Perhaps there is another cat who has access to the garden who is intimidating her. Or perhaps the ground isn't suitable for her to use (wet, overused, hard soil, not deep enough to scratch in). Why not install a cat flap and let her have free access to the litter tray at all times? My cats have access to the outdoors but they generally prefer to use the litter trays indoors (I suspect they do not like their paws to get muddy).


----------



## buffie (May 31, 2010)

koekemakranka said:


> Perhaps there is another cat who has access to the garden who is intimidating her. Or perhaps the ground isn't suitable for her to use (wet, overused, hard soil, not deep enough to scratch in). Why not install a cat flap and let her have free access to the litter tray at all times? My cats have access to the outdoors but they generally prefer to use the litter trays indoors (I suspect they do not like their paws to get muddy).

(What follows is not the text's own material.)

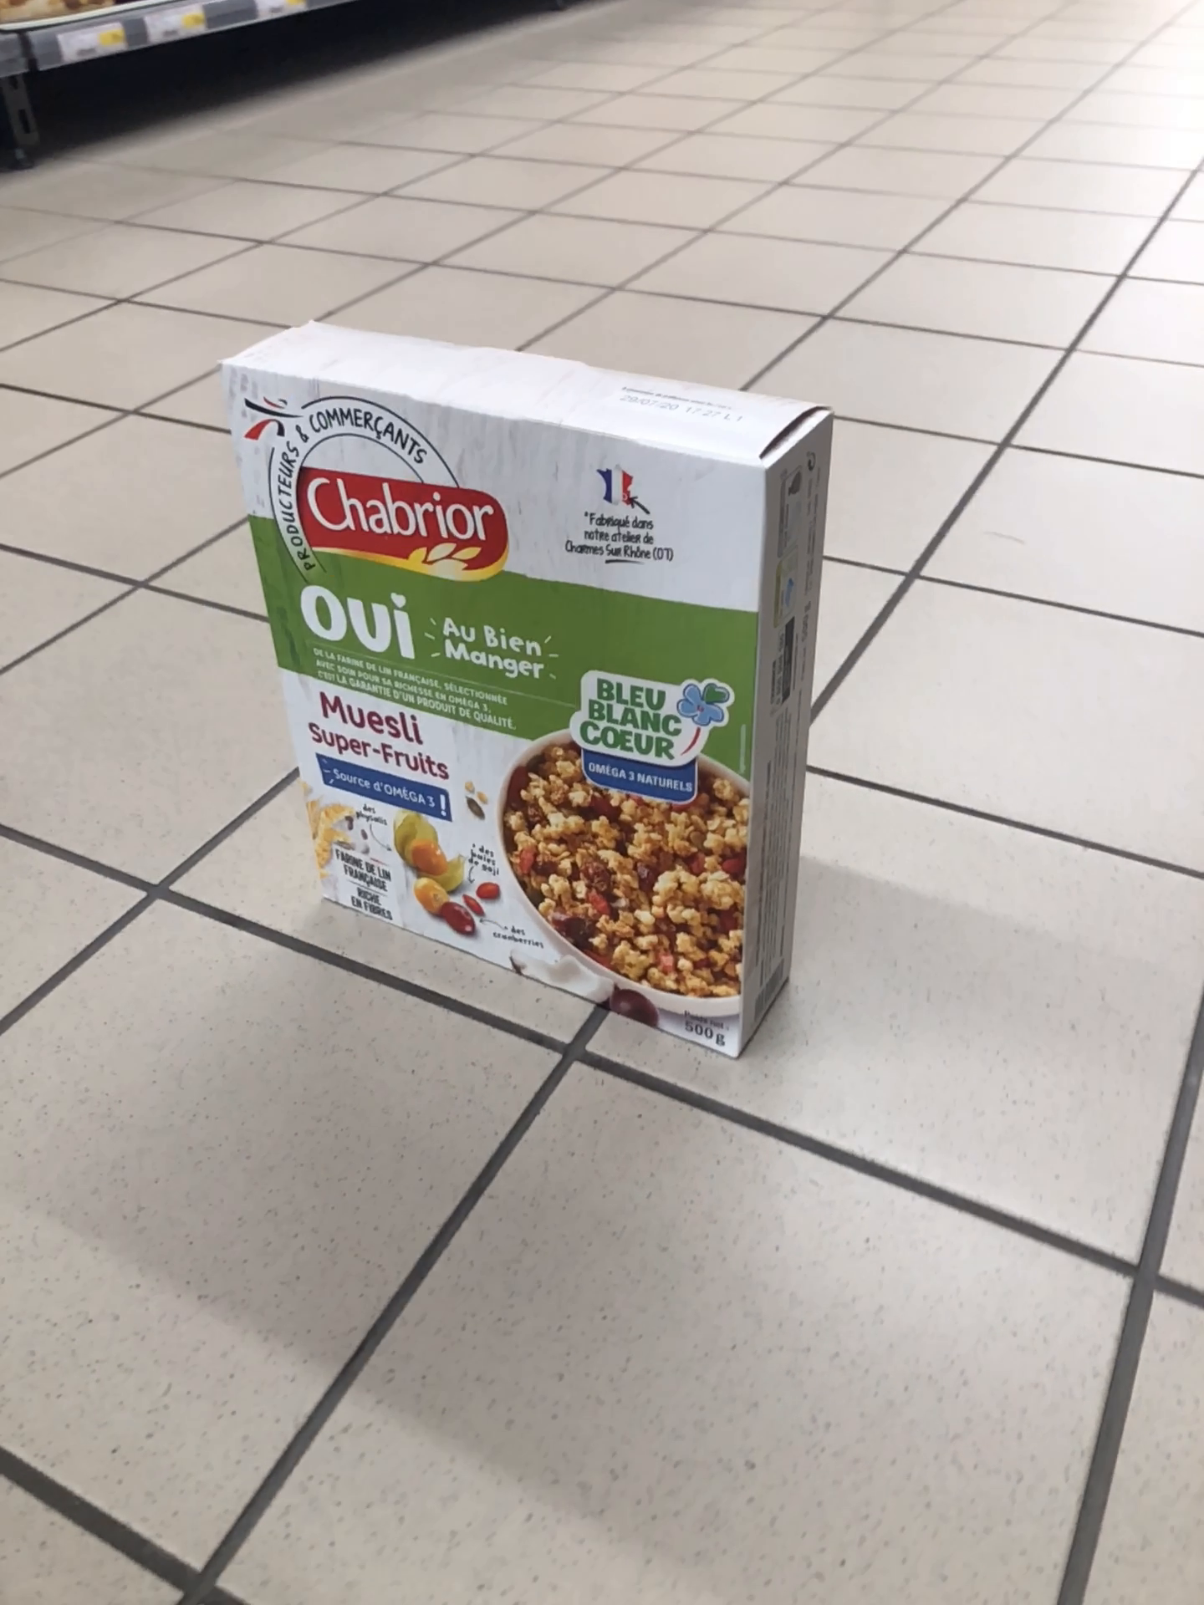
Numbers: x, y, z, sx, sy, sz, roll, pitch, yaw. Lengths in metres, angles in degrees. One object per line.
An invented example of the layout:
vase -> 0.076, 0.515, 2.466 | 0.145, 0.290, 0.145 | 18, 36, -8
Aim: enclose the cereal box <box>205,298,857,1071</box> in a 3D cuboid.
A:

^^^Agree .If she is happy using her tray indoors rather than outside then I would just leave her to it.The last thing you want is a cat stressed over toilet issues.I had a semi feral who was used to "outdoors" but as soon as he was able to have house access he came in to use a tray rather than outside.


----------



## sullivan (Aug 29, 2008)

you could also try the trick of turning over a little area of soil in the garden for daytime if out and sprinkle a bit of the litter from her tray over the area she may use it .At least in the day period. You can also inch by inch move her tray towards the back door. So at least shes near the garden might give you enough warning to let her out to go toilet if you are around. id carry on using a tray at night.


----------



## Viki (Jul 16, 2009)

She must feel safer for some reason or just prefers her tray at times indoors. I would always leave one available. My cat always goes outside but i still have a tray for him in case, proved it was worth it this winter when he didn't like the snow and so used it the whole time until he ventured back outside. Its nice to have options


----------